According to CoStar, the Phoenix apartment market “kicked off 2026 with positive rent growth,” a shift from the sluggish performance that defined most of last year. The research note, published Feb. 24, highlighted early momentum even though headline asking rents still ended 2025 in the red across many submarkets.
Nationally, Apartments.com reported that U.S. apartment rents inched up in January after a December turning point, a modest move that has already nudged some short-term forecasts higher. That national tailwind helps Phoenix, but local supply and demand will decide whether the recent bump is the start of a trend or just a winter blip.
Oversupply, Concessions and the Pipeline
Most analysts agree Phoenix’s rent reset has been driven less by weak demand and more by a flood of new construction in 2024 and 2025. Yardi Matrix found that advertised asking rents were down about 4.1% year over year through November, even as stabilized occupancy held in the low to mid 90s amid record deliveries.

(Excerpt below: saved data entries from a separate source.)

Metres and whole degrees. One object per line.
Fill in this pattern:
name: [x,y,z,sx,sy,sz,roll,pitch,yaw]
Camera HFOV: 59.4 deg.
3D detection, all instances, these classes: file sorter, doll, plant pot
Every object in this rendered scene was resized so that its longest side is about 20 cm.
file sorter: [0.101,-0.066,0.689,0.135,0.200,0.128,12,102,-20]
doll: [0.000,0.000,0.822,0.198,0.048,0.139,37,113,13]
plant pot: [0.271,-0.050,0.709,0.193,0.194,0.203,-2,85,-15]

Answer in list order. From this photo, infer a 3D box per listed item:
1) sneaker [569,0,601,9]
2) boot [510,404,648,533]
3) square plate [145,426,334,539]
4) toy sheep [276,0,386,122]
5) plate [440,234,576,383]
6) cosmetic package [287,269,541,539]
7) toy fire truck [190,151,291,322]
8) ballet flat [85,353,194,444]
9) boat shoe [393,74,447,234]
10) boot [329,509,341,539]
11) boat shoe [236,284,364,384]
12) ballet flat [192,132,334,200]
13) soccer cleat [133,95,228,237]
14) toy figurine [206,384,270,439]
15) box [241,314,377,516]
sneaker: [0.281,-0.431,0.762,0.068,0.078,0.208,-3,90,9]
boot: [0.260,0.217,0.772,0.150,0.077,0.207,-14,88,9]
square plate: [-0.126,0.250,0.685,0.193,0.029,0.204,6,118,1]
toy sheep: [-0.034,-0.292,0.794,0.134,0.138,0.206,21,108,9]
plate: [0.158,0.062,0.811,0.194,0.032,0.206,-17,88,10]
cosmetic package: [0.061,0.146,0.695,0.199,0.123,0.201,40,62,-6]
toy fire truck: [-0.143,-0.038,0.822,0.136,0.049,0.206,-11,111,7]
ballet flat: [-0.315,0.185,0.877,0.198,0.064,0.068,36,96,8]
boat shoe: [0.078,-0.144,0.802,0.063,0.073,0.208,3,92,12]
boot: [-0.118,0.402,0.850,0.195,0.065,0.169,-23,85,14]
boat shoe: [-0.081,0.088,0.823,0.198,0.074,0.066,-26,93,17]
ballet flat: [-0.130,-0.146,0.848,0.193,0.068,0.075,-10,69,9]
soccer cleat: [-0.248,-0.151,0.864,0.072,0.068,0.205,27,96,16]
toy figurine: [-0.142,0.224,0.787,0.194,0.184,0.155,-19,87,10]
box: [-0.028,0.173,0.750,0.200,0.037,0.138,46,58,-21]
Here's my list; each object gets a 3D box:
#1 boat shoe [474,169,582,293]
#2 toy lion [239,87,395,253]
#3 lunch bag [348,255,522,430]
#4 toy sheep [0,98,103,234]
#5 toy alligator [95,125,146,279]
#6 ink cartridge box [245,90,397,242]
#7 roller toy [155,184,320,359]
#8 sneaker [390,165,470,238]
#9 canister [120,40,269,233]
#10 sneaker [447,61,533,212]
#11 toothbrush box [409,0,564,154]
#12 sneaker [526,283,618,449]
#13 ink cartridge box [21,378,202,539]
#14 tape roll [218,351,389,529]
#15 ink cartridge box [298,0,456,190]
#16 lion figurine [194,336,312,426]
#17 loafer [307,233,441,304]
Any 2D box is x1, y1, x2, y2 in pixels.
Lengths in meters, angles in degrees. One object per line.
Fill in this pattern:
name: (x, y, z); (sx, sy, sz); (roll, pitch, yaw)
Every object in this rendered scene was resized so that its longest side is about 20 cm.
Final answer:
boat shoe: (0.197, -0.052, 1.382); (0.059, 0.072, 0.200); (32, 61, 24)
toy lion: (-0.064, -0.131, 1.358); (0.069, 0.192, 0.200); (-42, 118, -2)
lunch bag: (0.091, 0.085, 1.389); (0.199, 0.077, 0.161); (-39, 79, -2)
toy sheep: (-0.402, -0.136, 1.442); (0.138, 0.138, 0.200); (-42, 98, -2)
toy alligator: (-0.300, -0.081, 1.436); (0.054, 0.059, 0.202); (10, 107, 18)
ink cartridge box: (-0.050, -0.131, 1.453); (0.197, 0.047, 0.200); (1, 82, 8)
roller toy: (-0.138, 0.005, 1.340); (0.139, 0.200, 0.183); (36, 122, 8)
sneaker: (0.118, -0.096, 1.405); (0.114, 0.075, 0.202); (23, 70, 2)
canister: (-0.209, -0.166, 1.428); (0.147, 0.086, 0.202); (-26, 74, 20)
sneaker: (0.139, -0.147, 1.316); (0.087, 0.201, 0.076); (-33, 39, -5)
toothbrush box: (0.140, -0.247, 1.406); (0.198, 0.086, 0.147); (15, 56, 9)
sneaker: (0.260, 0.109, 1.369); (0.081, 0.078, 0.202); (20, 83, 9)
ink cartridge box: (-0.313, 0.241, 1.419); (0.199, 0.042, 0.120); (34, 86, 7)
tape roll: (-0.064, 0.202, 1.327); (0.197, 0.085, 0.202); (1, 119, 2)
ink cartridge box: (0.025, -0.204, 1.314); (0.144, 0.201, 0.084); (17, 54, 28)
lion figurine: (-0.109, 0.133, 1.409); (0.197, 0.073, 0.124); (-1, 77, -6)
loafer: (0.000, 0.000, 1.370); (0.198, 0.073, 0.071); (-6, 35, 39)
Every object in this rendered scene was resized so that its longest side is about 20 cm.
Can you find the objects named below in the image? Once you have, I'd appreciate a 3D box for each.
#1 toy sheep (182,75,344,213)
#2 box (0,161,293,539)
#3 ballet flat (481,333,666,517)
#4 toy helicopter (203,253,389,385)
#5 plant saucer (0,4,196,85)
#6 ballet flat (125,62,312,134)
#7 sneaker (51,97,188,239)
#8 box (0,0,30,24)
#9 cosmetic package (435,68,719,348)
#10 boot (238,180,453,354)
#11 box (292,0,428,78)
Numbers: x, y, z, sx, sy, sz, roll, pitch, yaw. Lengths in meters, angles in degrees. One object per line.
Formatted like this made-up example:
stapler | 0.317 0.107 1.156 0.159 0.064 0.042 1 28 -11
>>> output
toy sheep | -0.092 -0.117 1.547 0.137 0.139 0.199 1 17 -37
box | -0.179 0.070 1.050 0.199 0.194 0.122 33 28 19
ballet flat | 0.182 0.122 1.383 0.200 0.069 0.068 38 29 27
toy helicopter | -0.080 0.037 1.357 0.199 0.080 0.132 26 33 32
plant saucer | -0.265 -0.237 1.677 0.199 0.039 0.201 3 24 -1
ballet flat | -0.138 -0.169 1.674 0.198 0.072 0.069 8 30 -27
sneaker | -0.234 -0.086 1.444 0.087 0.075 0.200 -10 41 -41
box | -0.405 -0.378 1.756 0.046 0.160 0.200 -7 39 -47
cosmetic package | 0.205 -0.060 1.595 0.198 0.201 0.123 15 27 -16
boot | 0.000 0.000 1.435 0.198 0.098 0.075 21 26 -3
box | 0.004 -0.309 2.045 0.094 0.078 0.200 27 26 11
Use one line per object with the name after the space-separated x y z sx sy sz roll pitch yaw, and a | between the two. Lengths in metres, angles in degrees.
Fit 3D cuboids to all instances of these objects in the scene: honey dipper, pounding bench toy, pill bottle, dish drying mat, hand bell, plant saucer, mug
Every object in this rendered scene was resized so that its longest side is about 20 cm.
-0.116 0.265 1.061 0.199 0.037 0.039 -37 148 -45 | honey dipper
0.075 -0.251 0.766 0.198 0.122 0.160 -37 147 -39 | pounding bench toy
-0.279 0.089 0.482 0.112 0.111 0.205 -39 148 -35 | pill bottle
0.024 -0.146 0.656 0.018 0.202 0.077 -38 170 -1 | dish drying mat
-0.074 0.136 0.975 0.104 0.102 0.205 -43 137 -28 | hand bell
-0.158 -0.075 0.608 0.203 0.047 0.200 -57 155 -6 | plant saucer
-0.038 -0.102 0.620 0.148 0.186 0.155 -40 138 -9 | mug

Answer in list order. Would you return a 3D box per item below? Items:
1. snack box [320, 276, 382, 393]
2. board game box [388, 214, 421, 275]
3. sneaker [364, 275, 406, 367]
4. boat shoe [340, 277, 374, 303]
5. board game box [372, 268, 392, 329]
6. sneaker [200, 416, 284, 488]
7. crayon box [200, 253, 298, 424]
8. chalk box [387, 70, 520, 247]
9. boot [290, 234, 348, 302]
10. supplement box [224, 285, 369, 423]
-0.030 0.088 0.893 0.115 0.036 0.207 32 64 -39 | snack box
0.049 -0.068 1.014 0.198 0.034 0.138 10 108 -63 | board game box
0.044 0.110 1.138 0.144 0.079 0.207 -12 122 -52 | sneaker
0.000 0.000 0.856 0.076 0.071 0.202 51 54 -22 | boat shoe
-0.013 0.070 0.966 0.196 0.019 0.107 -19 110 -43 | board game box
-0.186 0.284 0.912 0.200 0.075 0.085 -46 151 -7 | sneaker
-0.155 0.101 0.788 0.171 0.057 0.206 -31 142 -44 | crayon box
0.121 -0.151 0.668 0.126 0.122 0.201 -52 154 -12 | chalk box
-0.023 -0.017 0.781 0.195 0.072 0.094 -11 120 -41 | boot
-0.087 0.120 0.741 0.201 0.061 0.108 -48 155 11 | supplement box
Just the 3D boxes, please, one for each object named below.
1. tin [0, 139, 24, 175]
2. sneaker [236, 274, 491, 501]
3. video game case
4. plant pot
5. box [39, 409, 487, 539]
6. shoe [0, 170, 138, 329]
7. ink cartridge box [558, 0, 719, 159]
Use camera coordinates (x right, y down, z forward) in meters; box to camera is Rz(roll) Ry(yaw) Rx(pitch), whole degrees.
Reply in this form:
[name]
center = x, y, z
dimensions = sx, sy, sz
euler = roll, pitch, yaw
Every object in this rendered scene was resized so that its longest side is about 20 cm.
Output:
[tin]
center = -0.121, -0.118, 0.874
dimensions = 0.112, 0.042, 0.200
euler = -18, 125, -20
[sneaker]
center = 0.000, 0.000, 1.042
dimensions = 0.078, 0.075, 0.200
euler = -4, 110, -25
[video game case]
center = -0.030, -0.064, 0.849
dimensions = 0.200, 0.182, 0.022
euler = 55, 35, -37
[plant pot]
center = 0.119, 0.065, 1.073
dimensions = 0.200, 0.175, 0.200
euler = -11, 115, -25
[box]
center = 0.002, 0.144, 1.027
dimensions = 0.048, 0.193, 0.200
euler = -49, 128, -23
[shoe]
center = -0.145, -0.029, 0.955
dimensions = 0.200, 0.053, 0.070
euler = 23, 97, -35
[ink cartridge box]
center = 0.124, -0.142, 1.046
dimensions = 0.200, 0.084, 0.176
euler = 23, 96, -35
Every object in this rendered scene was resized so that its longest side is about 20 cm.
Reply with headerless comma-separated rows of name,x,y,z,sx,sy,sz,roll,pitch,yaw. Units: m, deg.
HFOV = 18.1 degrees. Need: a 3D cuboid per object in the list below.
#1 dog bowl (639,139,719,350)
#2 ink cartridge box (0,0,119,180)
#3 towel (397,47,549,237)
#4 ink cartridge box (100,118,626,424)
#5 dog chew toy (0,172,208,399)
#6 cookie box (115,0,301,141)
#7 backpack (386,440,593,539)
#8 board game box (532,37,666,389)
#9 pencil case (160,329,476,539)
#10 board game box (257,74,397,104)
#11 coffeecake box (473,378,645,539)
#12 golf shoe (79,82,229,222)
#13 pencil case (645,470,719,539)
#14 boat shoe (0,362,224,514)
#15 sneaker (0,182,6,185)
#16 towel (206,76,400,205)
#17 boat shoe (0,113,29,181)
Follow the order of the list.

Online listings and trade coverage tell a similar story on concessions. An October snapshot from Apartment List, cited in coverage by The Real Deal, showed roughly half of Phoenix listings dangling at least one free month of rent last fall. In other words, the headline price on the ad often has not matched what people actually pay once discounts are baked in.
What to Watch This Spring
Heading into peak leasing season, two indicators will matter most: absorption and concessions. Faster lease-ups and thinner move-in specials would hint at a real recovery. Stubborn giveaways would keep effective rents lagging behind the advertised numbers, even if the top-line figures keep inching higher.
CoStar and Apartments.com have already raised their near-term multifamily rent growth expectations. On-the-ground behavior provides extra clues: metrics such as list-to-lease time, tracked by Apartment List, can show how quickly units are moving and how long landlords feel compelled to keep dangling free rent.
Local coverage has also pointed out that a headline rebound does not magically fix affordability for the city’s lowest-income renters. One recent report on shiny new Phoenix apartments leaving struggling renters out in the heat underscores a familiar mismatch: the bulk of new units are not deeply affordable. So even if asking rents tick up on paper, many Phoenix households will judge the market by what matters at kitchen-table level, from renewal notices to whether those free-month deals actually disappear.